The strength of this review is that it is the first study that provided the hazardous material test items and criteria for the decoction types of PHMs and can be used as the basis for introducing a safety management system for the decoction types of PHMs by the government in the future.

The limitations of this review are as follows; First, this study is found wanting in terms of the credibility of the experts who selected the test items and criteria (there was no sampling) or their representativeness (only a handful of experts). Second, the literature review was limited to the data that were in English or Korean language. Therefore, the databases from the countries which have been using traditional decoction medicines were not included in the study. Finally, no pilot tests to apply the criteria set in this study were conducted.

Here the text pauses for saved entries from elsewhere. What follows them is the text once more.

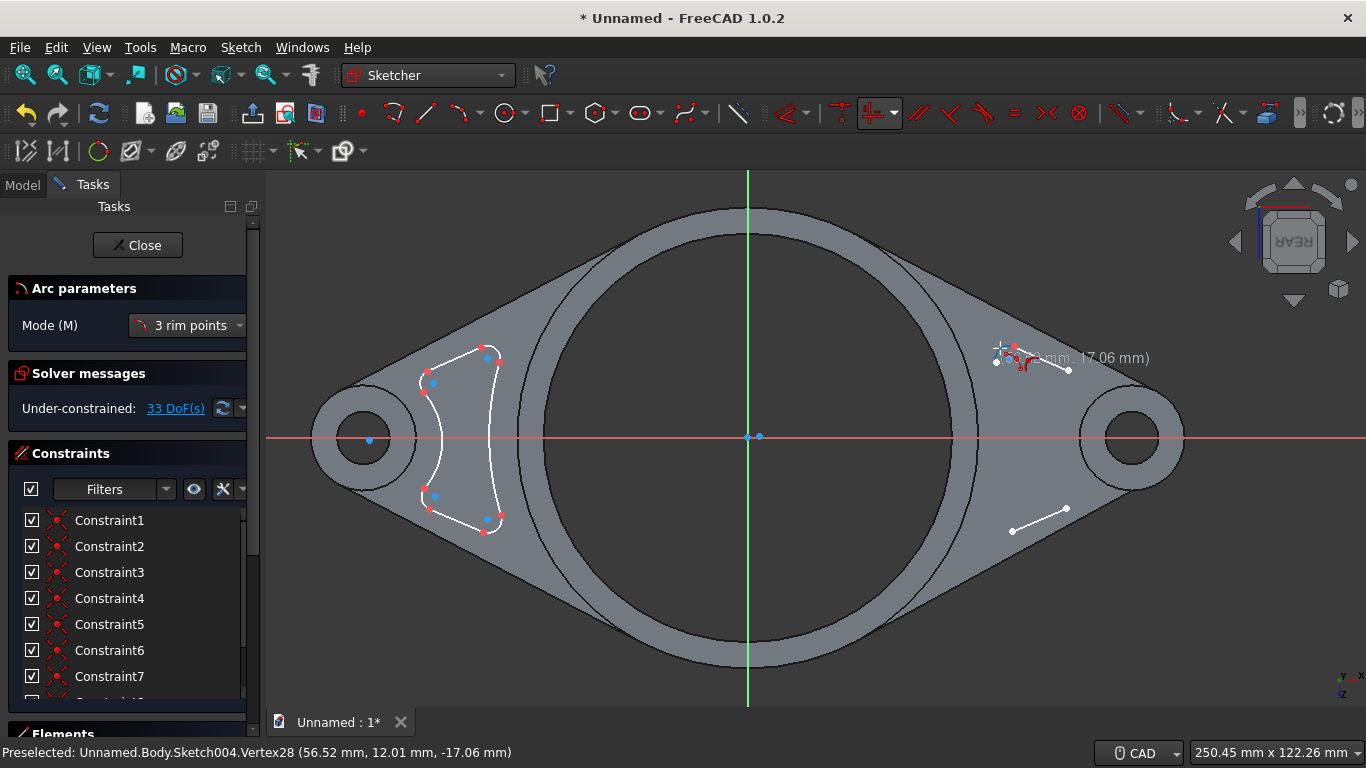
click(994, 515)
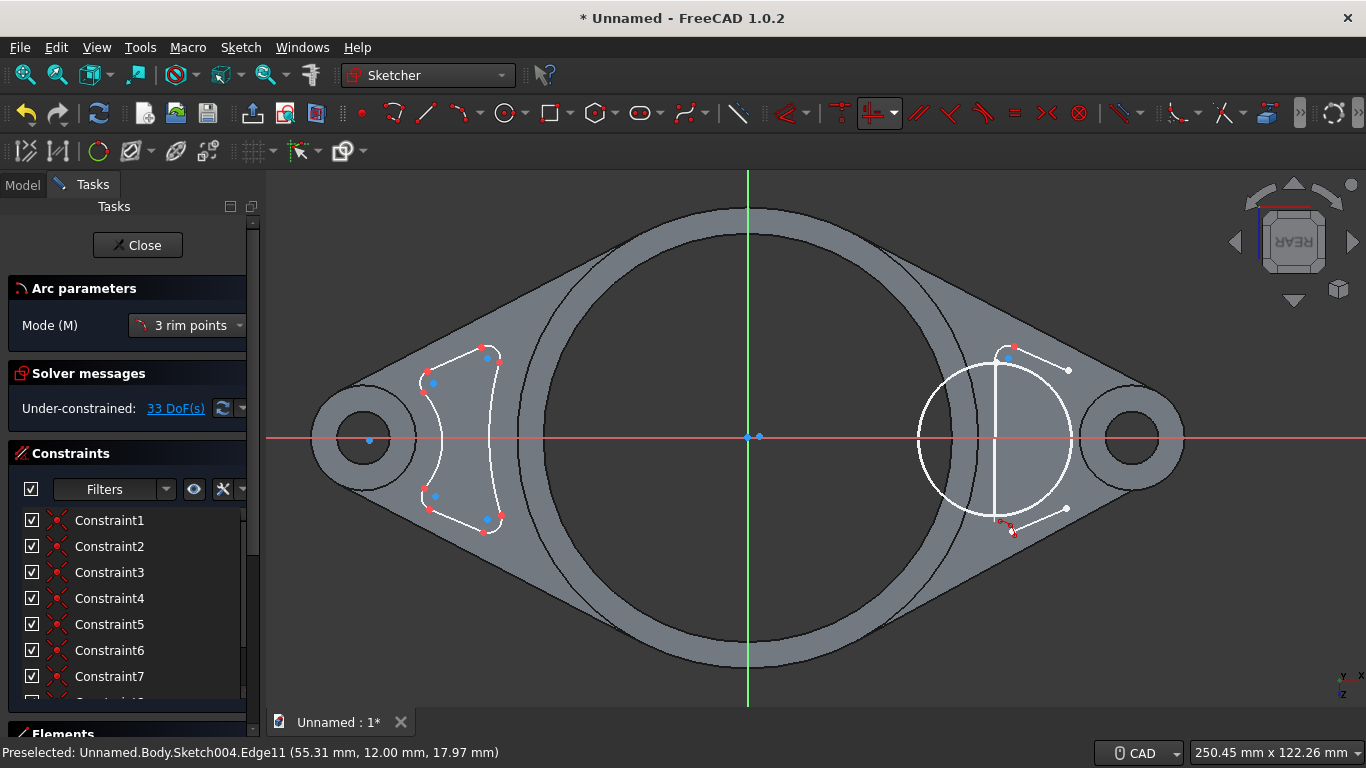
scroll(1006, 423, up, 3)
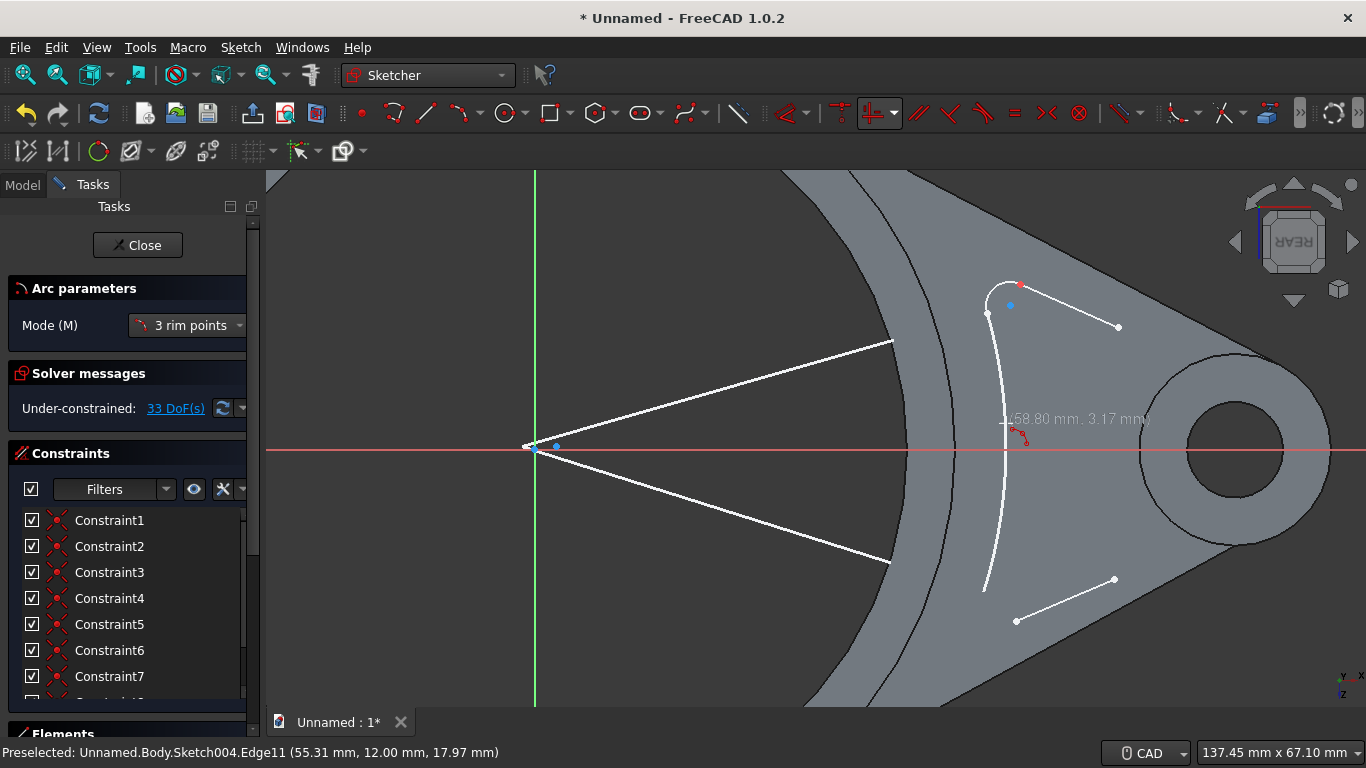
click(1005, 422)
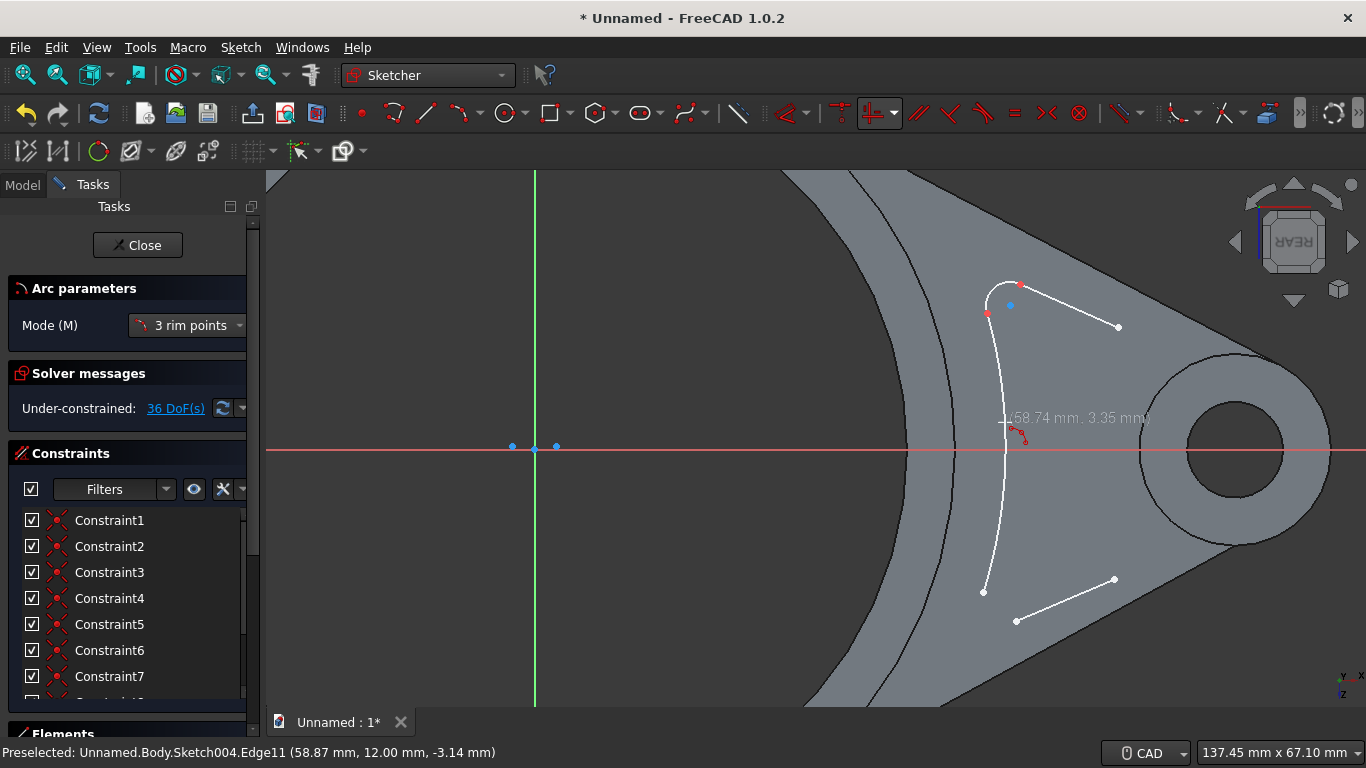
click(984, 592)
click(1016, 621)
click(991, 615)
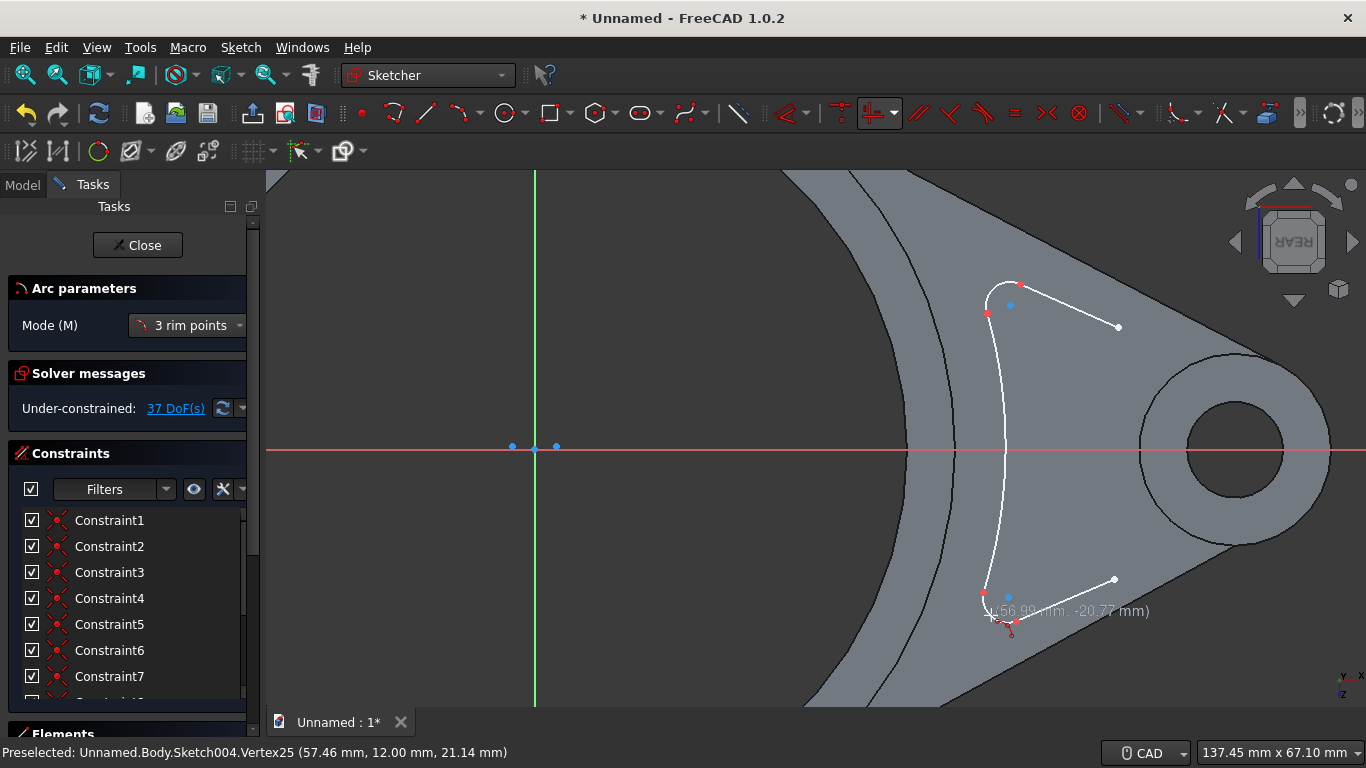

In the future, it would be necessary to conduct a pilot test to ensure the validity and credibility of the test items, criteria, and methods, as well as their field relevance. Especially, a sufficient number of decoction monitoring, public hearings and gathering of the opinions from the field would have to be conducted. Finally, it would be necessary for the government to introduce the decoction safety management program so that the people of the country may use proven decoction medicines.

5. Conclusion

In this study, the researchers developed a set of safety management standards for the decoction type of PHMs, which included individual heavy metals, pesticide residues, sulfur dioxide, mycotoxin, benzopyrene, and micro-organisms. In the future, it would be necessary to verify the field relevance and applicability of the test items, criteria, and methods by monitoring the decoction medicines prescribed by actual TM clinics.